Monday, September 22, 2008

My Journey with Leviticus

My journey with Leviticus in a way began when I was in my teens. I remembered that one time when I vowed to read the whole bible in a year stopped instead in Leviticus during the Chinese New Year. The reading became too mundane for an immatured soul. Soon I read a pastor's account of despair when he had to preach from the book according to the year's lectionary.

Calvin and I are currently going extremely slow in our daily bible reading and we are at the moment labouring through Leviticus. It is not easy. It is so repetitive that this evening, as I was reading the second half of Lev 14, Calvin began to echo me because it all reads so similarly.

In my first TEE module with Reb on The Introduction of the Old Testament however, I observed an interesting chiastic structure in the Pentateuch that centers in Leviticus.

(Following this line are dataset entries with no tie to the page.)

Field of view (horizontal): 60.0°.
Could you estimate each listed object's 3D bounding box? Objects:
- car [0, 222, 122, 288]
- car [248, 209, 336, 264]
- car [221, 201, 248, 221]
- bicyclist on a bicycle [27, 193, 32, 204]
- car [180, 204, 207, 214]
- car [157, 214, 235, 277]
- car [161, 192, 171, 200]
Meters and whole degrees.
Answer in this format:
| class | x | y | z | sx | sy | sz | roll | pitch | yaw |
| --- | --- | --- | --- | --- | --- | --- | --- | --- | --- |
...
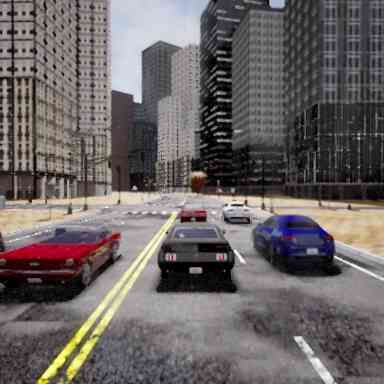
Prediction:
| class | x | y | z | sx | sy | sz | roll | pitch | yaw |
| --- | --- | --- | --- | --- | --- | --- | --- | --- | --- |
| car | -3.349 | 1.576 | 9.290 | 1.895 | 1.301 | 4.718 | 0 | 0 | 0 |
| car | 3.349 | 1.496 | 11.580 | 1.812 | 1.442 | 4.674 | 0 | 0 | 0 |
| car | 3.351 | 1.450 | 25.952 | 1.812 | 1.442 | 4.674 | 0 | 0 | 0 |
| bicyclist on a bicycle | -24.707 | 0.973 | 50.621 | 0.582 | 1.620 | 1.656 | 0 | 1 | 1 |
| car | 0.099 | 1.530 | 24.474 | 1.895 | 1.301 | 4.718 | 0 | 0 | 0 |
| car | 0.100 | 1.574 | 10.157 | 1.895 | 1.301 | 4.718 | 0 | 0 | 0 |
| car | -6.551 | 0.894 | 84.763 | 2.150 | 2.045 | 5.566 | 0 | 0 | -1 |
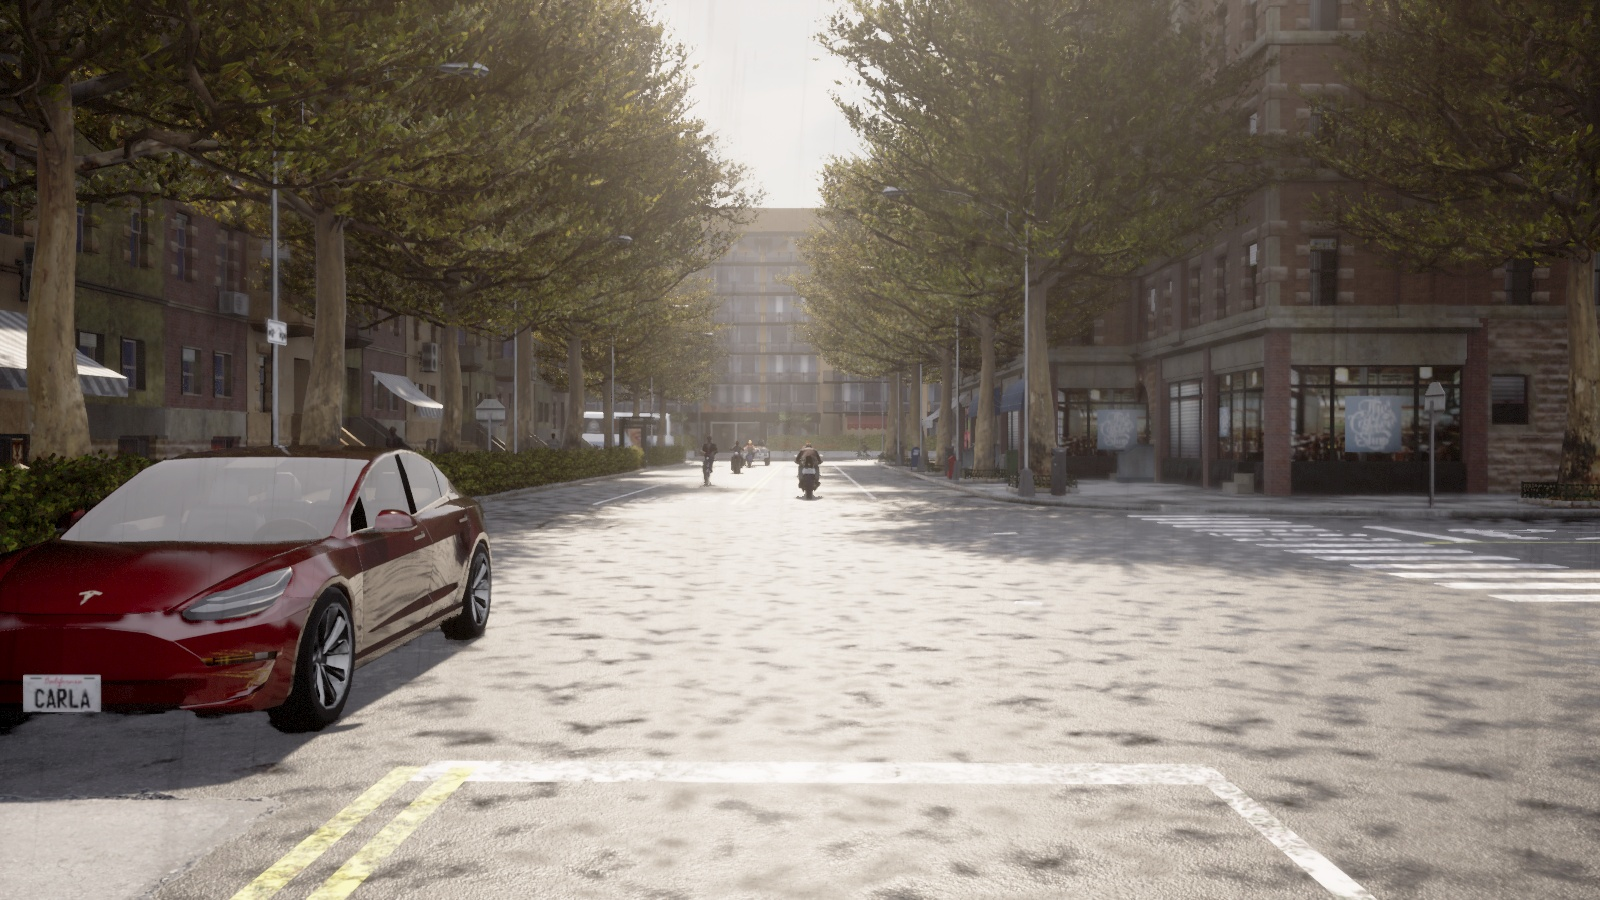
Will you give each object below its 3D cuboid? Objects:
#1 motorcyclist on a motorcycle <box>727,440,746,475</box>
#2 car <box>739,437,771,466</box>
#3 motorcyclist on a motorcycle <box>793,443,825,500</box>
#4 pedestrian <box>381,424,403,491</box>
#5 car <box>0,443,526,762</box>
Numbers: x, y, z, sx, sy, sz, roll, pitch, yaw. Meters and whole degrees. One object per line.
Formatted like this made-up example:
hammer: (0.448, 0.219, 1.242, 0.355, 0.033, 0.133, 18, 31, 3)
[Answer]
motorcyclist on a motorcycle: (-3.080, 0.350, 61.238, 0.766, 1.649, 2.350, 0, 1, 1)
car: (-2.980, 0.089, 83.549, 1.932, 1.855, 4.605, 0, 0, 0)
motorcyclist on a motorcycle: (0.243, 0.585, 34.808, 0.866, 1.530, 2.191, 0, 0, 0)
pedestrian: (-11.368, 0.197, 34.989, 0.376, 1.854, 0.720, 0, 0, 2)
car: (-3.413, 0.697, 8.248, 2.163, 1.488, 4.792, 0, 0, 0)
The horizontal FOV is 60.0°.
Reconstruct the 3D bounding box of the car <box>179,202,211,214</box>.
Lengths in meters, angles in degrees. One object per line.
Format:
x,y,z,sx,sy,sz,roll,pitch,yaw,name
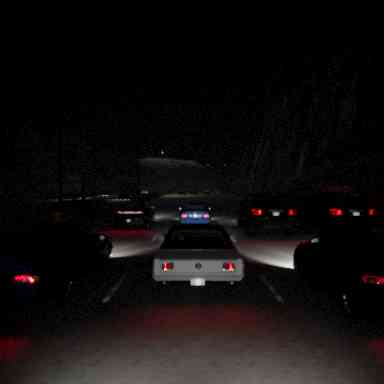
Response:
0.189,1.308,20.485,2.033,1.411,5.357,0,1,0,car

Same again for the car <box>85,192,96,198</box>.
-24.052,0.592,78.044,1.895,1.301,4.718,0,1,1,car

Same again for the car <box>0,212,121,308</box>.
-3.368,1.454,7.963,2.033,1.411,5.357,0,1,0,car

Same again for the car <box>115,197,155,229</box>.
-3.313,1.260,19.805,2.128,1.511,4.902,0,1,0,car

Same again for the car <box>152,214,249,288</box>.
0.135,1.496,8.906,1.895,1.301,4.718,0,1,0,car

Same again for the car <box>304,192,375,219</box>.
7.166,1.021,17.145,2.150,2.045,5.566,0,1,0,car

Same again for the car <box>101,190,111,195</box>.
-23.871,0.217,92.569,1.994,1.385,4.181,0,1,1,car

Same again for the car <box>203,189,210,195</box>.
4.166,0.108,95.415,2.128,1.511,4.902,0,2,1,car

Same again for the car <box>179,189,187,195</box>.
-2.833,0.060,95.496,1.882,1.535,5.008,0,2,1,car

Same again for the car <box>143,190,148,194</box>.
-13.365,0.172,93.000,1.812,1.442,4.674,0,1,1,car

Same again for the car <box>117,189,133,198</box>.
-13.685,0.686,66.917,1.837,1.490,4.892,0,1,0,car

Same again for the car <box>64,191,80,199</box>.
-24.185,0.673,67.016,1.882,1.535,5.008,0,1,0,car

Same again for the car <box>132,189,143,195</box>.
-13.551,0.221,78.018,2.150,2.045,5.566,0,1,1,car

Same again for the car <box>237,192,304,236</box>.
3.668,1.021,17.121,2.150,2.045,5.566,0,1,0,car

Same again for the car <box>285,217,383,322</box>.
3.627,1.480,7.073,1.994,1.385,4.181,0,1,0,car
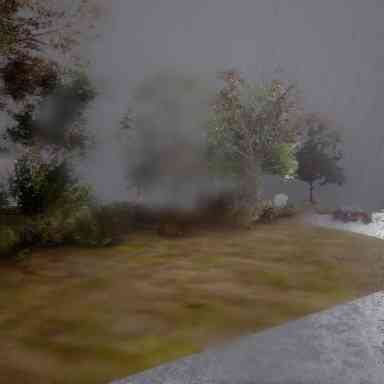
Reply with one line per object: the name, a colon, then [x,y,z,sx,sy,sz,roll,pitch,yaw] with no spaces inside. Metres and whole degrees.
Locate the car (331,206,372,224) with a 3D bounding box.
car: [13.044,1.876,27.447,1.895,1.301,4.718,0,0,9]

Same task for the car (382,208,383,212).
car: [25.058,1.974,39.477,4.674,1.442,1.812,1,0,-5]
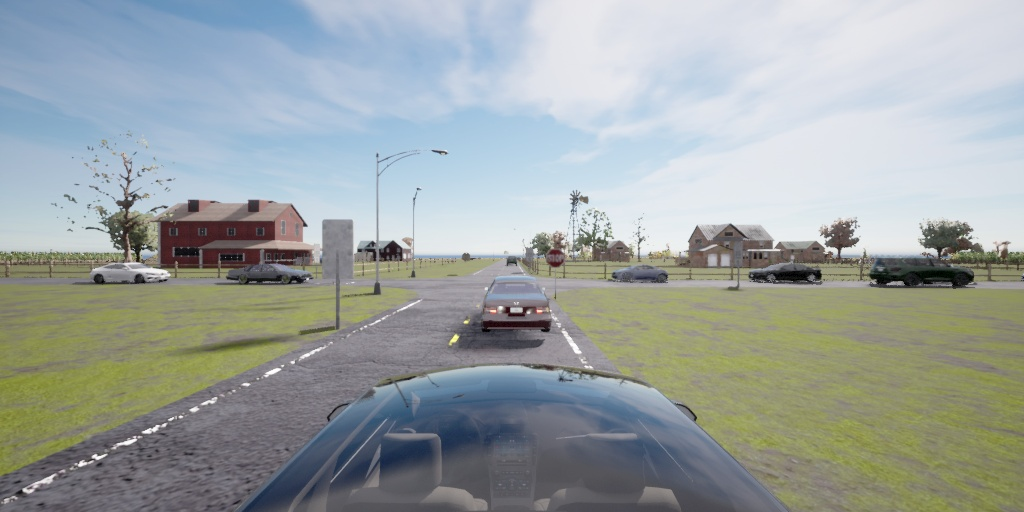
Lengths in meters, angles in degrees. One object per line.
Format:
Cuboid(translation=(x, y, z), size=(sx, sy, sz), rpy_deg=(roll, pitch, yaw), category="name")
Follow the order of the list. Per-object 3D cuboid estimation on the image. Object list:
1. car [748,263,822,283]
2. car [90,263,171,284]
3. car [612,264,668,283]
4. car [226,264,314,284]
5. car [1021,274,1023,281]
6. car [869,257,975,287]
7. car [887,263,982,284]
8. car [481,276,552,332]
Cuboid(translation=(21.451, 1.309, 28.291), size=(5.008, 1.535, 1.882), rpy_deg=(1, 0, 0), category="car")
Cuboid(translation=(-27.346, 1.205, 25.715), size=(4.674, 1.442, 1.812), rpy_deg=(0, 0, 1), category="car")
Cuboid(translation=(10.079, 1.353, 28.372), size=(4.181, 1.385, 1.994), rpy_deg=(0, 0, 1), category="car")
Cuboid(translation=(-17.251, 1.255, 25.632), size=(5.357, 1.411, 2.033), rpy_deg=(0, 0, 0), category="car")
Cuboid(translation=(43.167, 1.455, 28.080), size=(4.674, 1.442, 1.812), rpy_deg=(0, 0, 1), category="car")
Cuboid(translation=(28.678, 1.088, 25.285), size=(5.566, 2.045, 2.150), rpy_deg=(0, 0, 0), category="car")
Cuboid(translation=(33.081, 1.372, 28.194), size=(4.902, 1.511, 2.128), rpy_deg=(0, 0, 0), category="car")
Cuboid(translation=(0.098, 1.300, 10.816), size=(2.033, 1.411, 5.357), rpy_deg=(0, 0, 0), category="car")
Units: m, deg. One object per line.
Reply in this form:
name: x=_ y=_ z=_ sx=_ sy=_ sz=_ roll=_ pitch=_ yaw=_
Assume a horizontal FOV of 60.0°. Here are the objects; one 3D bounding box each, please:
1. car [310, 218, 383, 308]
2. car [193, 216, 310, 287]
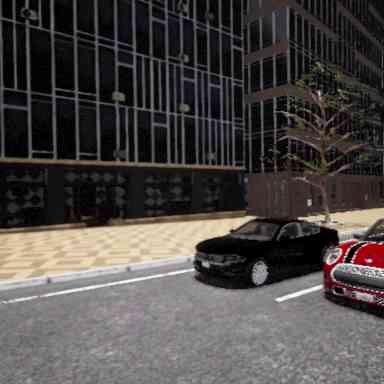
car: x=4.972 y=1.356 z=7.555 sx=4.553 sy=1.767 sz=2.097 roll=0 pitch=0 yaw=-38
car: x=2.308 y=1.490 z=9.588 sx=5.008 sy=1.535 sz=1.882 roll=0 pitch=0 yaw=-38
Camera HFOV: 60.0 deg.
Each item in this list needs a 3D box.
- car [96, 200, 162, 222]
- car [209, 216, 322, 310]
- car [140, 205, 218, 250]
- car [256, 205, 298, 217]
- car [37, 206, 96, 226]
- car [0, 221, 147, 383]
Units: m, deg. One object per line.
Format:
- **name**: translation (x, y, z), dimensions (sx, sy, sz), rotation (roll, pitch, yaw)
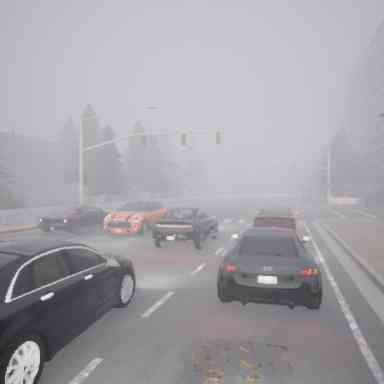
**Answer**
- **car**: translation (-2.863, 1.248, 17.942), dimensions (2.097, 1.767, 4.553), rotation (0, 0, 17)
- **car**: translation (1.826, 1.518, 7.855), dimensions (1.994, 1.385, 4.181), rotation (0, 0, 14)
- **car**: translation (-0.117, 1.410, 14.114), dimensions (2.128, 1.511, 4.902), rotation (0, 0, 15)
- **car**: translation (4.174, 1.382, 16.492), dimensions (1.882, 1.535, 5.008), rotation (0, 0, 17)
- **car**: translation (-6.318, 1.494, 18.610), dimensions (1.895, 1.301, 4.718), rotation (0, 0, 17)
- **car**: translation (-2.401, 1.474, 5.044), dimensions (1.837, 1.490, 4.892), rotation (0, 0, 11)
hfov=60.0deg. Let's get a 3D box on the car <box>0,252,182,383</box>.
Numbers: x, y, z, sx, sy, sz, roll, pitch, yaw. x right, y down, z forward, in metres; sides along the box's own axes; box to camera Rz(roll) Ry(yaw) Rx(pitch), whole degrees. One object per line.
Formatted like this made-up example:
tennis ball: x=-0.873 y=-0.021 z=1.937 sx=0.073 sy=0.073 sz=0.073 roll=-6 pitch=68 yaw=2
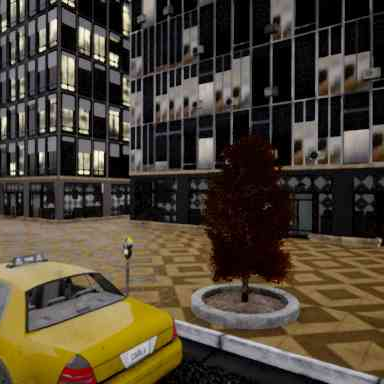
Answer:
car: x=-2.393 y=1.524 z=4.580 sx=4.829 sy=1.417 sz=1.752 roll=0 pitch=0 yaw=36
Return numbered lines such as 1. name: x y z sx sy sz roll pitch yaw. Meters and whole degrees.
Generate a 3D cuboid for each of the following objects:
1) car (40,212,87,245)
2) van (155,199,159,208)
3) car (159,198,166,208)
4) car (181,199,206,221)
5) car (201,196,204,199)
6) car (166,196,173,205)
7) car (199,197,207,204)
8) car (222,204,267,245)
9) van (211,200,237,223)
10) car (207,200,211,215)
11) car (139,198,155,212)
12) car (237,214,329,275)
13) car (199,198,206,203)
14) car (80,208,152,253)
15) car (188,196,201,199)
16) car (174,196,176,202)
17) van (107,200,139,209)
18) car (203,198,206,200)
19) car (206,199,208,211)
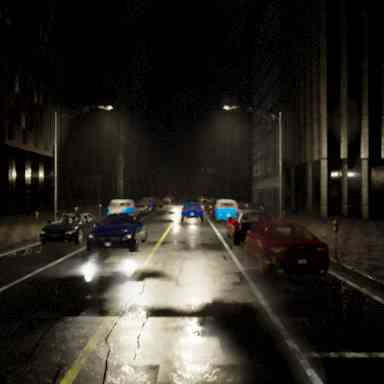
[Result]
1. car: -5.768 1.666 16.141 2.008 1.369 4.403 0 0 0
2. van: -5.780 1.657 44.190 1.690 1.788 3.998 0 0 0
3. car: -5.785 1.926 55.237 1.752 1.417 4.829 0 0 0
4. car: 0.035 1.691 29.823 1.882 1.535 5.008 0 0 0
5. car: 2.733 2.090 72.243 2.008 1.369 4.403 0 0 0
6. car: -5.792 2.105 72.234 1.947 1.339 4.313 0 0 0
7. car: 2.729 2.071 83.463 1.967 1.590 4.097 0 0 0
8. car: 2.757 1.556 16.155 1.967 1.590 4.097 0 0 0
9. van: 2.752 1.537 27.374 1.690 1.788 3.998 0 0 0
10. car: 2.750 1.781 32.981 1.887 1.381 4.507 0 0 0
11. car: -5.778 1.716 38.580 1.967 1.590 4.097 0 0 0
12. car: 2.759 1.620 10.545 1.887 1.381 4.507 0 0 0
13. car: 2.726 2.259 89.070 1.802 1.307 4.206 0 0 0
14. car: -3.017 1.628 14.270 1.812 1.442 4.674 0 -1 0
15. car: -0.021 1.758 55.933 2.097 1.767 4.553 0 0 0
16. car: -5.796 1.946 83.455 2.192 1.841 5.009 0 0 0
17. van: -5.773 1.537 27.362 1.690 1.788 3.998 0 0 0
18. car: 2.745 1.843 44.370 1.752 1.417 4.829 0 0 0
19. car: 2.748 1.842 38.591 1.947 1.339 4.313 0 0 0
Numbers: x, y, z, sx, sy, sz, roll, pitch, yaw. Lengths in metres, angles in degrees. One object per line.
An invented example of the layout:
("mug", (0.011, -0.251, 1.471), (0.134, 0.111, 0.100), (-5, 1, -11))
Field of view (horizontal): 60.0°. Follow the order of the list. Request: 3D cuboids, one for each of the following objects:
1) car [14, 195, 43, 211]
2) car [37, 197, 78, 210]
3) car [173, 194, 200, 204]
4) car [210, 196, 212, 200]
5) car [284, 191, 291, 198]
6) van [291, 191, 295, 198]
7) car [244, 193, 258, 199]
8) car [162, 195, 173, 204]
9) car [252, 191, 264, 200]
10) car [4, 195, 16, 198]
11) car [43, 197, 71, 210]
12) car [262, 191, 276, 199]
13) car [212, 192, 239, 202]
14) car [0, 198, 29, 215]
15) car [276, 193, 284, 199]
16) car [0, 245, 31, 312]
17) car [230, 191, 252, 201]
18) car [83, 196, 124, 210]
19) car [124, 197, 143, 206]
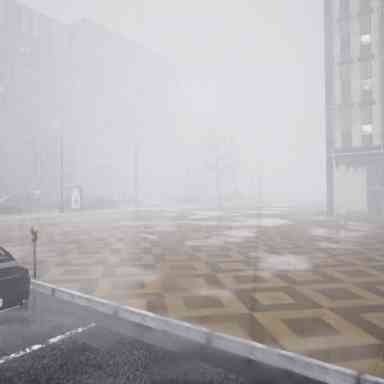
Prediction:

I know I am a chiasm-freak and I might be wrong but just humour me.

Genesis - leaving for the promised land
   Exodus - the census and going out
      Leviticus - worship of the one and only Yahweh
   Numbers - the census and coming in
Deuteronomy - entering the promised land

After that, I was convinced that it is extremely important for us to study and know Leviticus, however mundane and repetitive it is, and again I say, it is very important that we do. When I was going through the Passion event with the youth yesterday, on the atonement, the only other passages I referred to was in Leviticus - where the foundation of the ultimate offering on the cross rests.

According to LaSor in his Old Testament Survey, "Leviticus is a picture window into ancient Israel's worship. From it we learn about the holiness of God. It unfolds the relationship between holiness and ethics, and even more it provides background for grasping the significance of Christ's sacrificial death" (p.91, 1996).

Given the fact that human continually sin, fellowship with the holy God required a means of access to God. Leviticus gives us a very good look into the sacrificial system that God had set in place, by which access to God was made possible. For one, it talks about the sinner's laying of a hand on the sacrificial animal's head as the animal is being sacrificed as an atonement for his sin, making it personal as the animal die in his place.

There is much to know and learn from Leviticus. The journey for me has barely begun.